- Plourde in 2002

Background information
- Born: October 17, 1971 Goleta, California, U.S.
- Died: March 30, 2005 (aged 33) Goleta, California, U.S.
- Cause of death: Suicide by firearm
- Genres: Skate punk, punk rock, pop punk
- Occupations: Musician
- Instruments: Drums, percussion
- Years active: 1989–2005
- Label: Fat Wreck Chords

= Derrick Plourde =

American drummer (1971–2005)

Derrick William Plourde (October 17, 1971 – March 30, 2005) was an American drummer, musician and artist. Born in Goleta, California, he was active from 1989 until his death in 2005. Although best known as a former member of Lagwagon, Plourde also played in several different bands like Bad Astronaut, Jaws, The Ataris, Mad Caddies and Rich Kids on LSD, among others. Besides drums, he played guitar and was described as a multi-instrumentalist. Aside from music, he was known as a skilled painter and gifted carpenter, and was appreciated for his off-beat sense of humor. After a long battle with drug addiction, Plourde died by suicide on March 30, 2005.

== Career ==
Plourde first caught the attention of the pop-punk underground in the Goleta/Santa Barbara scene in the early 1990s in the band Lagwagon (then called Section 8). That recognition expanded beyond the Southern California scene in 1992 with the release of Lagwagon's debut album Duh (the first release from Fat Wreck Chords) and the two follow-up albums Trashed and Hoss. Plourde left Lagwagon in 1995 and was replaced by Dave Raun of RKL.

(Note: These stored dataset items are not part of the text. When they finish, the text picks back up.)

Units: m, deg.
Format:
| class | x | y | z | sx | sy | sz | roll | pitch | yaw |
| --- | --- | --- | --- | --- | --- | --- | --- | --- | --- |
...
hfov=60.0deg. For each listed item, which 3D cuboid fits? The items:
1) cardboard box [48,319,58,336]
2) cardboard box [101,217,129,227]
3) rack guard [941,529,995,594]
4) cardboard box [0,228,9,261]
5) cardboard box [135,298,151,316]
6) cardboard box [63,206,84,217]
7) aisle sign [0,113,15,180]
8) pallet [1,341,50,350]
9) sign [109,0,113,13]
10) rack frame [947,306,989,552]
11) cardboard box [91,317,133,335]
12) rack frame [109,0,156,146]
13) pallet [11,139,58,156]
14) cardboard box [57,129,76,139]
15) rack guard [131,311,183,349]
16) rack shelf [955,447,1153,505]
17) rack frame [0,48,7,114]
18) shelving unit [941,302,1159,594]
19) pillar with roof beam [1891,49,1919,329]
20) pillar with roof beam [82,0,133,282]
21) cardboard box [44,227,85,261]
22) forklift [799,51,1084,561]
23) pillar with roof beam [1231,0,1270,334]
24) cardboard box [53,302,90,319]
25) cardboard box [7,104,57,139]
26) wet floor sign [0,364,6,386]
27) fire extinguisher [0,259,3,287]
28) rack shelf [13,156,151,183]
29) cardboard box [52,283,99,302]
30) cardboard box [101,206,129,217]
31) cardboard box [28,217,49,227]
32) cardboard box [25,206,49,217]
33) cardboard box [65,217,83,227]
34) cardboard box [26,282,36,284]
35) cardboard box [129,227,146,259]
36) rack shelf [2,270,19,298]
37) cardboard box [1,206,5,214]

In 1997, Plourde contacted Kris Roe of The Ataris, who were looking for a rhythm section at the time. The two immediately hit it off and Plourde would stay with the band through the recording of their debut album Anywhere but Here.

Plourde also played with acclaimed Santa Barbara outfit Mad Caddies, and appeared on their 2001 album Rock the Plank.

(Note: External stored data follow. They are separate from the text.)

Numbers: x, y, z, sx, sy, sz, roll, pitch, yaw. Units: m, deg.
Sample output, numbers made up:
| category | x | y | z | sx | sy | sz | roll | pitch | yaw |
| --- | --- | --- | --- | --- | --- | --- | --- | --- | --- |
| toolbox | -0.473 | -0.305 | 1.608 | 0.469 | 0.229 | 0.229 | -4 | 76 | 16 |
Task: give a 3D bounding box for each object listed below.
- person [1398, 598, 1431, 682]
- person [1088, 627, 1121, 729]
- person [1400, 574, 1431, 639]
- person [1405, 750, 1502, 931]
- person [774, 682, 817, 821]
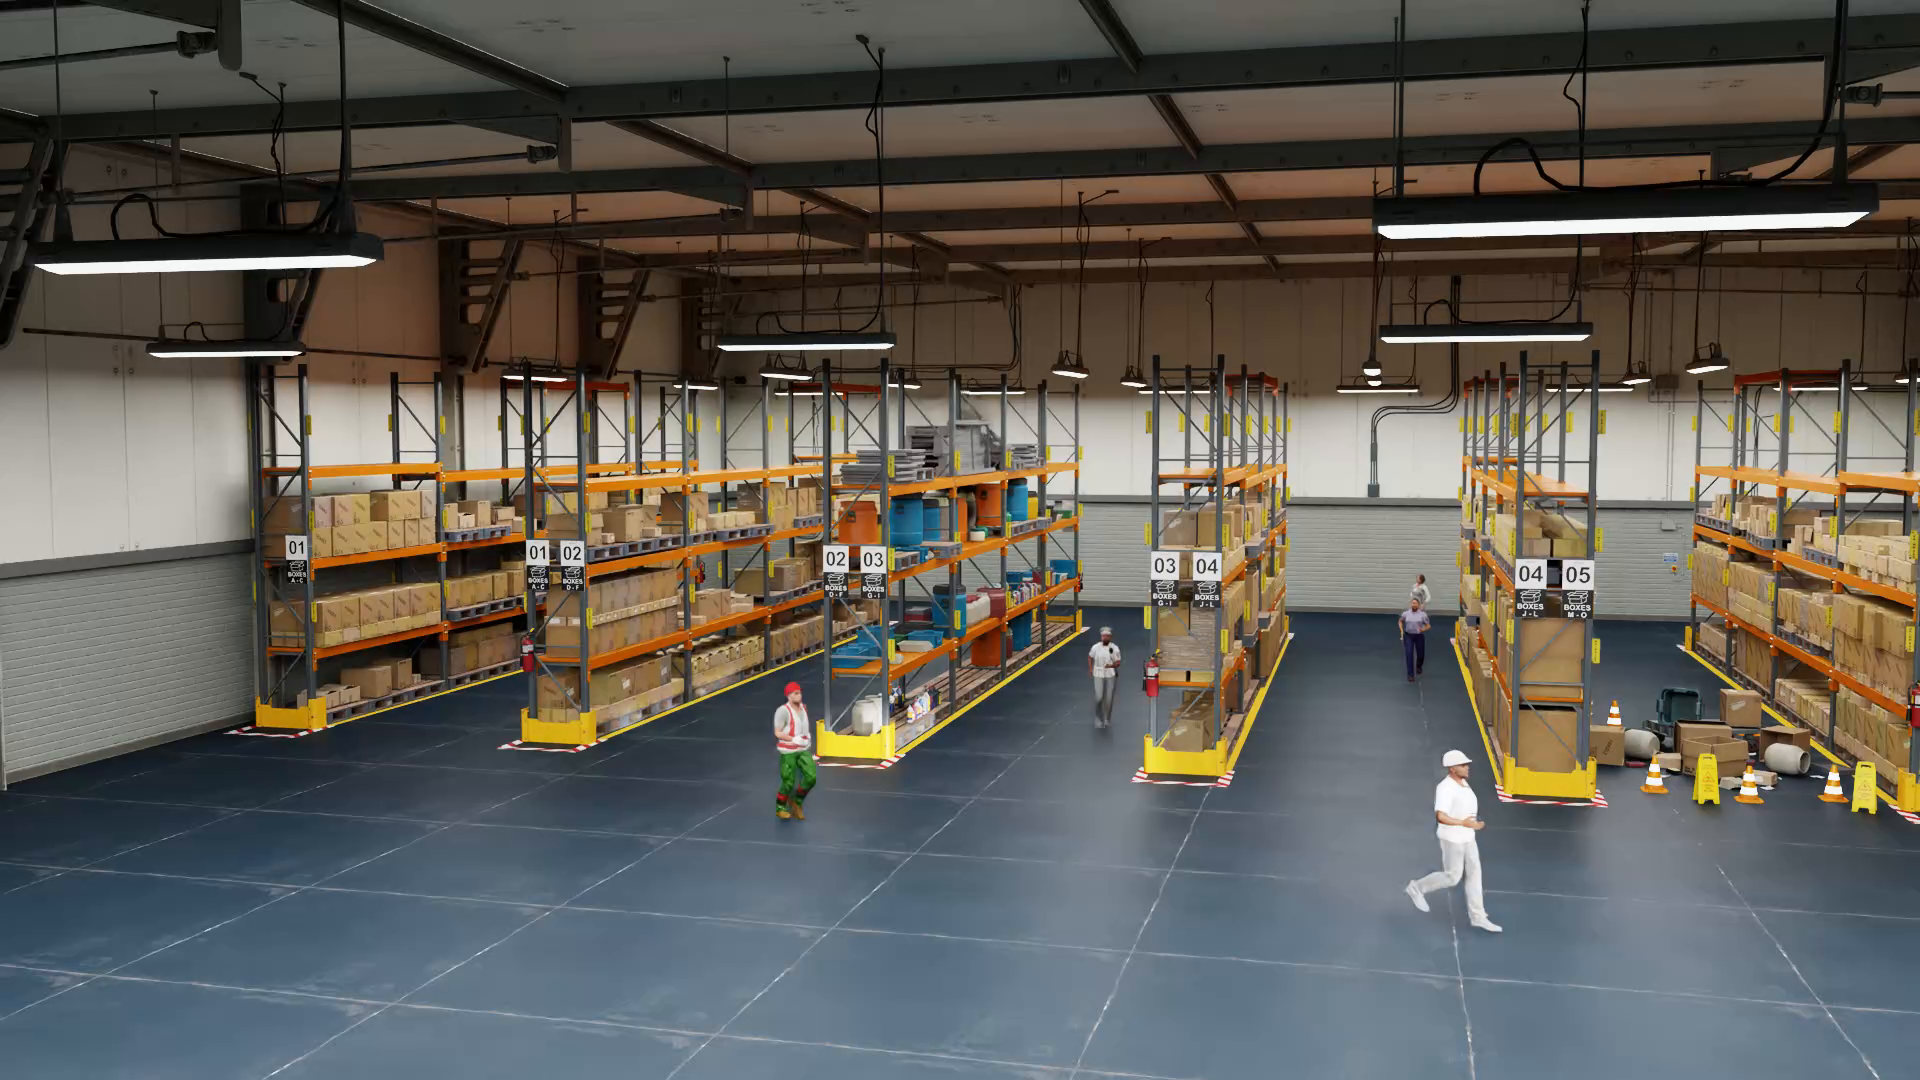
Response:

Later in 2001, Plourde teamed up with his friend and former bandmate Joey Cape in the band Bad Astronaut and played on their first two albums, Acrophobe and Houston: We Have a Drinking Problem. The band also released a third album in 2006, named Twelve Small Steps, One Giant Disappointment, which included several tracks featuring Plourde on drums. After Plourde's death, Cape announced that there would be no more Bad Astronaut albums because "without Derrick, there is no Bad Astronaut".

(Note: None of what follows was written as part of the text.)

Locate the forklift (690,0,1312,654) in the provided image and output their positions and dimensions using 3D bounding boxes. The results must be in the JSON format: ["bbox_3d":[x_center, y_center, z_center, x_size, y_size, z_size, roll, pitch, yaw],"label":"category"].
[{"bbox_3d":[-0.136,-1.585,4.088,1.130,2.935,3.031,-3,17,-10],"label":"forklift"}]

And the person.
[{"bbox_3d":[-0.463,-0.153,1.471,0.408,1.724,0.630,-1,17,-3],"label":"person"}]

== Influences and playing style ==
Although Rush's Neil Peart and RKL's Bomer Manzullo are often credited as his biggest influences, Plourde developed his own distinctive sound and style that was considered innovative and fresh in the hardcore/punk music scene. His playing style can best be described as a mixture of fast, complex grooves and fills, often played with a lot of dynamics. Songs like "Move the Car" and "Rifle" by Lagwagon are often considered the best examples of his skill, speed and technique as these songs involved many things that were prominent in Plourde's style such as linear and syncopated drum grooves, fast single strokes and double strokes with both hands and feet. Songs like "Bury the Hatchet", "Mr.Coffee" and "Give It Back" by Lagwagon, all originally recorded with Plourde on drums, are also often cited as examples of his progressive rock influences and outstanding skill and versatility.

== Death and tributes ==
Although the official cause of death and other details were not immediately disclosed, a posting by The Ataris frontman Kris Roe to that band's website confirmed reports that Plourde died from a self-inflicted gunshot wound. On the subject of Plourde's suicide, Joey Cape said that he and others felt like "it's not if, it's when".

Lagwagon produced a tribute album titled Resolve in his honor and made a video for the song "Heartbreaking Music" that consisted almost entirely of different photographs of Plourde along with the footage of the band playing.

The first verse in the lyrics for the NOFX song "Doornails", on their Wolves in Wolves' Clothing album is about Plourde while the song itself is a tribute to punk rock musicians who have died.